When Turkish Prime Minister Recep Tayyip Erdogan accepted the resignations of his four most senior military officers on July 29, he savored a victory unprecedented in Turkey’s modern history: Whenever the government and army had squared off before, politicians had been the ones to go.

But amid celebration of the military’s defeat as a waymark of democracy, little scrutiny has been given to allegations that fabricated evidence and the framing of suspects played a role in its downfall.

The military’s chief of general staff, Isik Kosaner, said in his parting statement that it was “impossible” to continue serving due to his inability to protect the legal rights of some 250 officers detained for a range of alleged antigovernment plots.

Many of them have been held for more than a year without trial, and publicly available papers relating to the plots reveal significant inconsistencies.

The main document detailing an alleged 2003 coup plot code-named “Sledgehammer,” included in an indictment leaked by both prosecution and defense, refers to an organization that was not founded until two years later.

And the timing of many of the arrest warrants and charges has fueled claims that the probes are politically motivated. They are often filed in the lead-up to Supreme Military Council meetings such as this week's, meetings at which the government and army have clashed over military promotions.

Separately, scores of journalists, academics, and others are involved in mass trials for involvement in an alleged deep state network. Hundreds of Kurdish politicians and activists have also been detained as part of a sprawling antiterror investigation.

“This is not about whether you’re pro-military or antimilitary, it’s about the rule of law,” says Asli Ayd­in­tasbas, a columnist at the daily Mil­liyet newspaper. “Do we want to live in a country where political opponents are eliminated by trials that are unconvincing? I find it very disturbing.”

But many Turks have scant sympathy for a military that for decades brutalized its own people and overthrew four governments as self-appointed guardian of the secular state forged by Mustafa Kemal Ataturk.

“I’m not going to say that the deficiencies in due process is the main aspect in [the Sledgehammer] case,” says Sahin Alpay, a columnist for Today’s Zaman newspaper. “It’s helping to put an end to the political role of the armed forces.”

Confrontation between AKP, military

Turkey’s long history of military intervention in civilian rule began in 1960, when the army overthrew Prime Minister Adnan Menderes, who was then tried before a kangaroo court and executed.

After seizing power again in 1971, it staged a third coup in 1980, detaining 650,000 people. Of them, 230,000 were tried, 14,000 stripped of citizenship, 50 executed, and 171 killed in custody.

The military displayed its dominance again in 1997, when it forced Islamist Prime Minister Nec­met­tin Er­bak­an to resign. When Mr. Er­do­gan’s Islam-rooted Justice and Development Party (AKP) came to power in 2002, a confrontation seemed all but inevitable.

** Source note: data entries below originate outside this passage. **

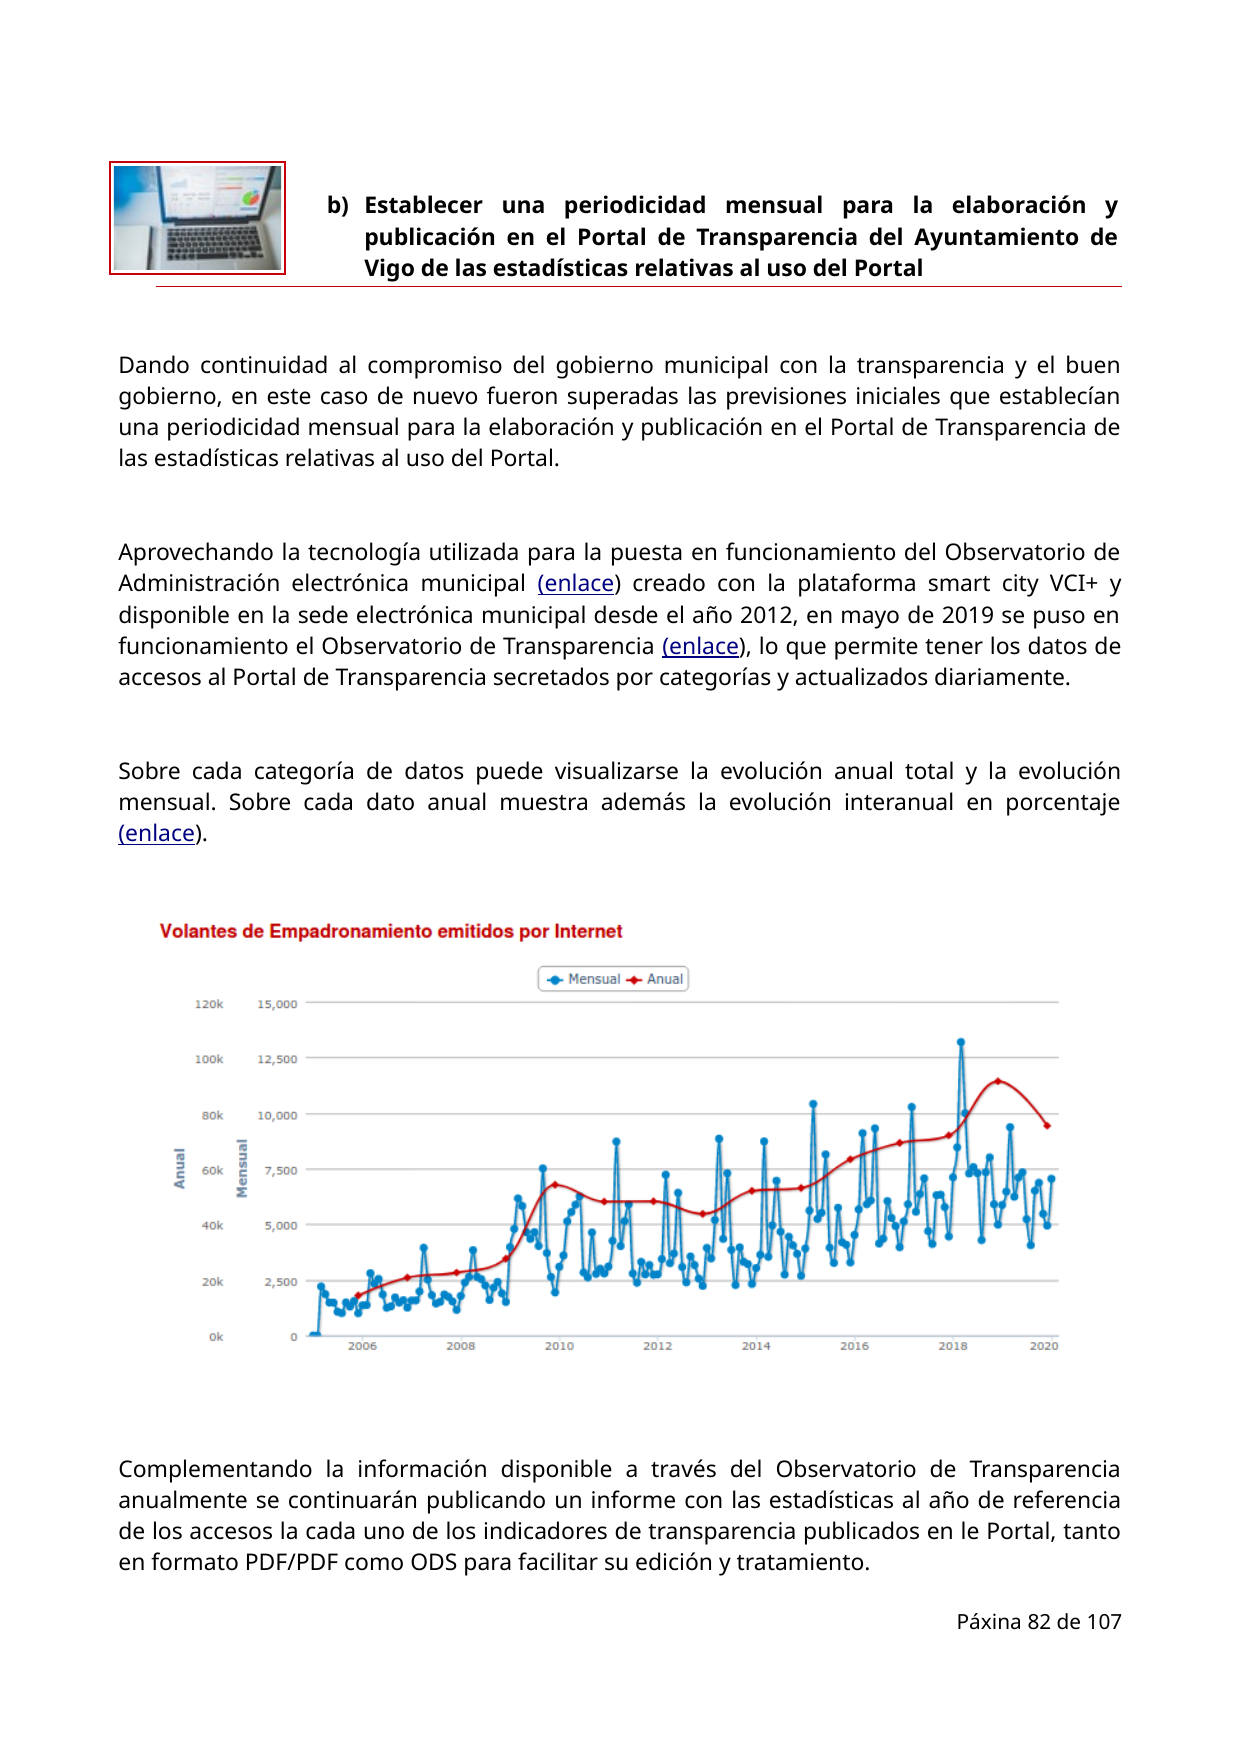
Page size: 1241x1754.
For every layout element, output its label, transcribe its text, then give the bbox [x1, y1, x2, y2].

text Aprovechando la tecnología utilizada para la puesta en funcionamiento del Observatorio de Administración electrónica municipal (enlace) creado con la plataforma smart city VCI+ y disponible en la sede electrónica municipal desde el año 2012, en mayo de 2019 se puso en funcionamiento el Observatorio de Transparencia (enlace), lo que permite tener los datos de accesos al Portal de Transparencia secretados por categorías y actualizados diariamente. [118, 536, 1122, 692]
picture [118, 880, 1123, 1391]
picture [113, 166, 123, 200]
picture [113, 166, 282, 270]
text Dando continuidad al compromiso del gobierno municipal con la transparencia y el buen gobierno, en este caso de nuevo fueron superadas las previsiones iniciales que establecían una periodicidad mensual para la elaboración y publicación en el Portal de Transparencia de las estadísticas relativas al uso del Portal. [118, 349, 1122, 474]
list Establecer una periodicidad mensual para la elaboración y publicación en el Portal de Transparencia del Ayuntamiento de Vigo de las estadísticas relativas al uso del Portal [156, 186, 1122, 286]
text Complementando la información disponible a través del Observatorio de Transparencia anualmente se continuarán publicando un informe con las estadísticas al año de referencia de los accesos la cada uno de los indicadores de transparencia publicados en le Portal, tanto en formato PDF/PDF como ODS para facilitar su edición y tratamiento. [118, 1453, 1122, 1578]
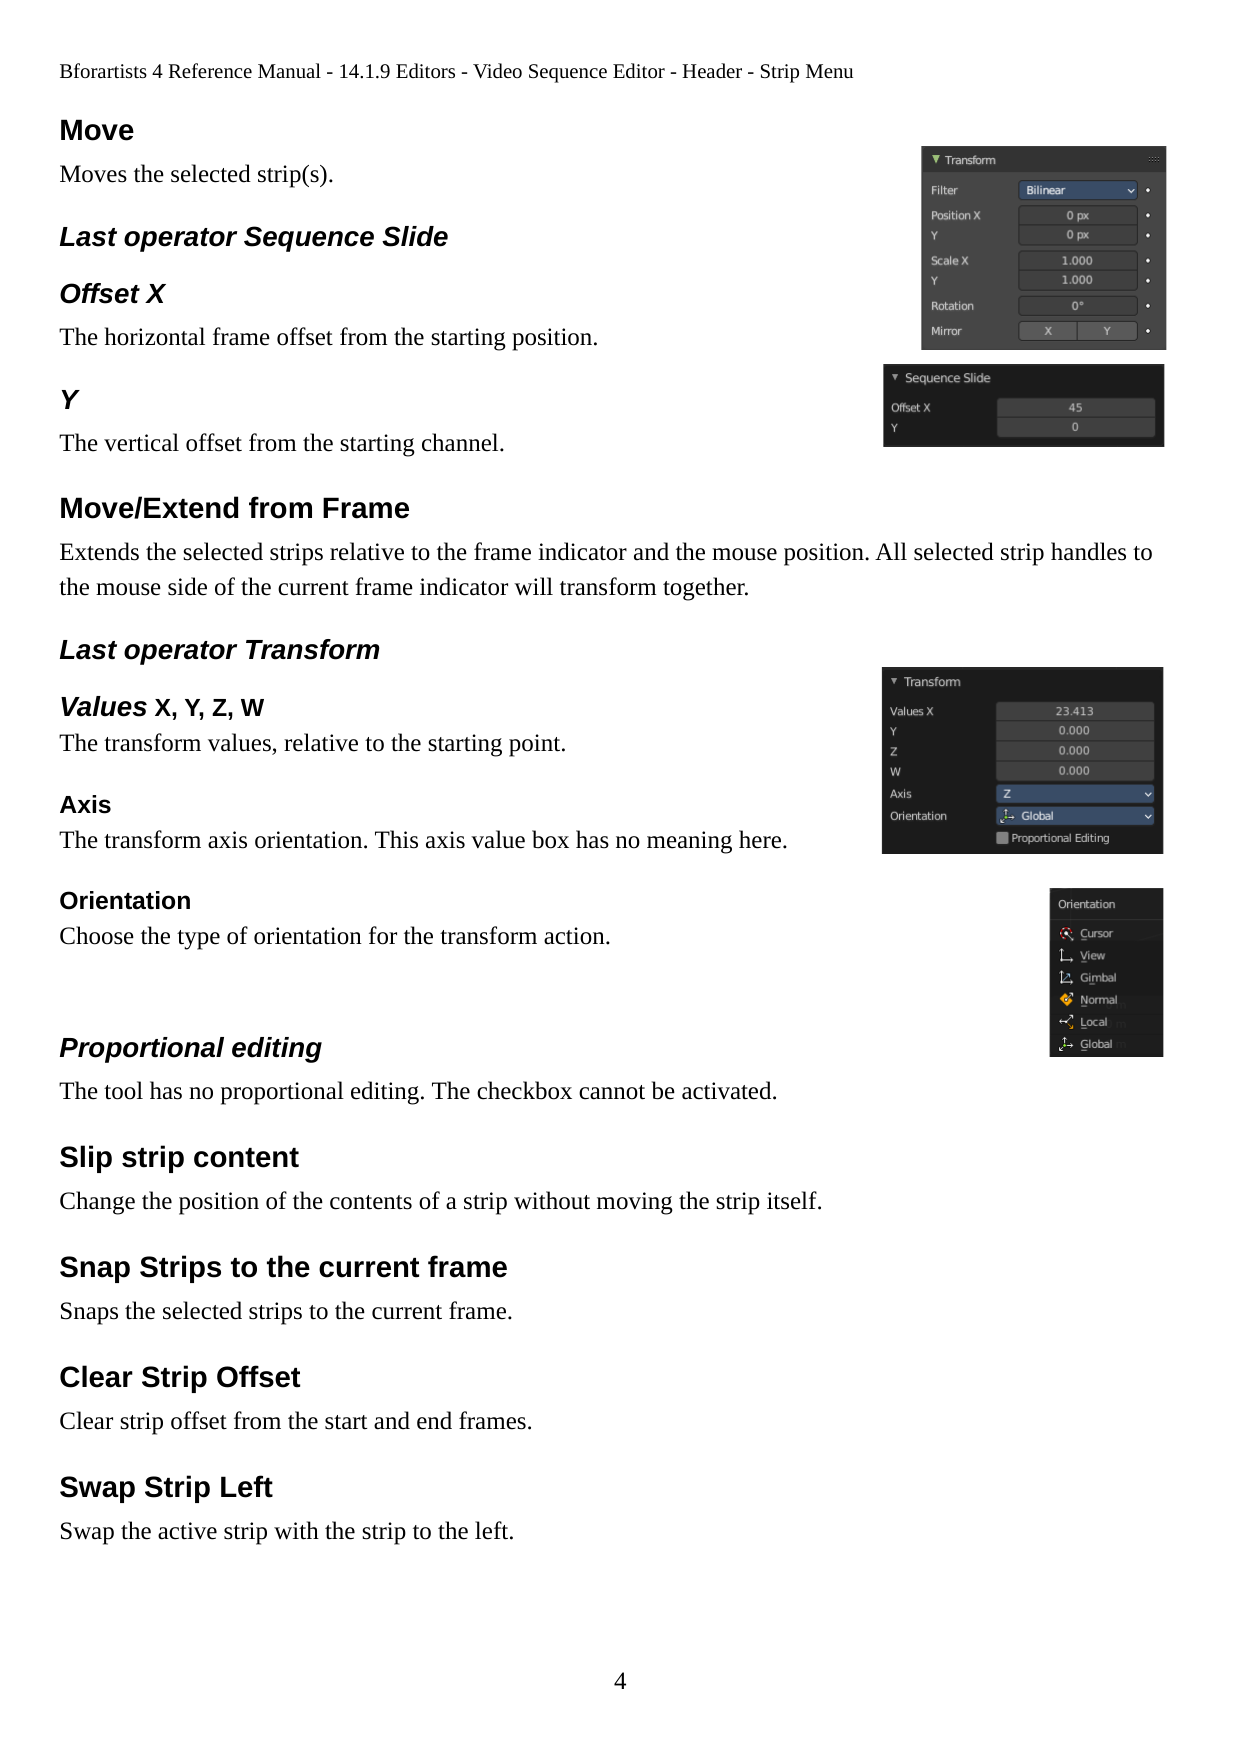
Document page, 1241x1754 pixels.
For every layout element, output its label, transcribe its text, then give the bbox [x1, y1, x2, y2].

text Extends the selected strips relative to the frame indicator and the mouse position. All selected strip handles to the mouse side of the current frame indicator will transform together. [59, 537, 1181, 601]
picture [921, 146, 1167, 350]
subtitle Y [59, 383, 883, 415]
text The horizontal frame offset from the starting position. [59, 322, 921, 350]
subtitle Offset X [59, 277, 921, 309]
subtitle Orientation [59, 886, 1181, 915]
text The transform values, relative to the starting point. [59, 728, 881, 757]
subtitle Move/Extend from Frame [59, 491, 1181, 525]
subtitle [1165, 383, 1181, 415]
subtitle Last operator Transform [59, 633, 1181, 665]
text Swap the active strip with the strip to the left. [59, 1516, 1181, 1544]
text The tool has no proportional editing. The checkbox cannot be activated. [59, 1076, 1181, 1105]
subtitle Proportional editing [59, 1032, 1181, 1064]
subtitle Values X, Y, Z, W [59, 690, 881, 722]
subtitle Snap Strips to the current frame [59, 1250, 1181, 1283]
subtitle Axis [59, 790, 881, 819]
subtitle Slip strip content [59, 1140, 1181, 1174]
text Moves the selected strip(s). [59, 159, 921, 188]
picture [881, 667, 1164, 854]
subtitle [1167, 277, 1181, 309]
text The vertical offset from the starting channel. [59, 428, 1181, 456]
subtitle Move [59, 113, 1181, 146]
text Choose the type of orientation for the transform action. [59, 921, 1049, 950]
subtitle [1164, 690, 1181, 722]
subtitle Swap Strip Left [59, 1469, 1181, 1503]
text Change the position of the contents of a strip without moving the strip itself. [59, 1186, 1181, 1215]
subtitle Last operator Sequence Slide [59, 220, 921, 252]
subtitle Clear Strip Offset [59, 1360, 1181, 1393]
picture [1049, 888, 1164, 1057]
text Clear strip offset from the start and end frames. [59, 1406, 1181, 1435]
text Snaps the selected strips to the current frame. [59, 1296, 1181, 1325]
text The transform axis orientation. This axis value box has no meaning here. [59, 825, 881, 854]
subtitle [1164, 790, 1181, 819]
picture [883, 364, 1165, 447]

The arrests of military officers started in March 2010, triggered by a sensational scoop in the daily Taraf newspaper, which had been handed a suitcase containing documents, tape recordings, and CDs.

The paper detailed the Sledgehammer plot, allegedly hatched in 2003 by a cabal of top soldiers aiming to overthrow the AKP by staging terrorist attacks and assassinations, thus fomenting chaos as a pretext for seizing power.

The scandal dealt a body blow to the military’s prestige, and led to the arrest of scores of officers, including generals and admirals.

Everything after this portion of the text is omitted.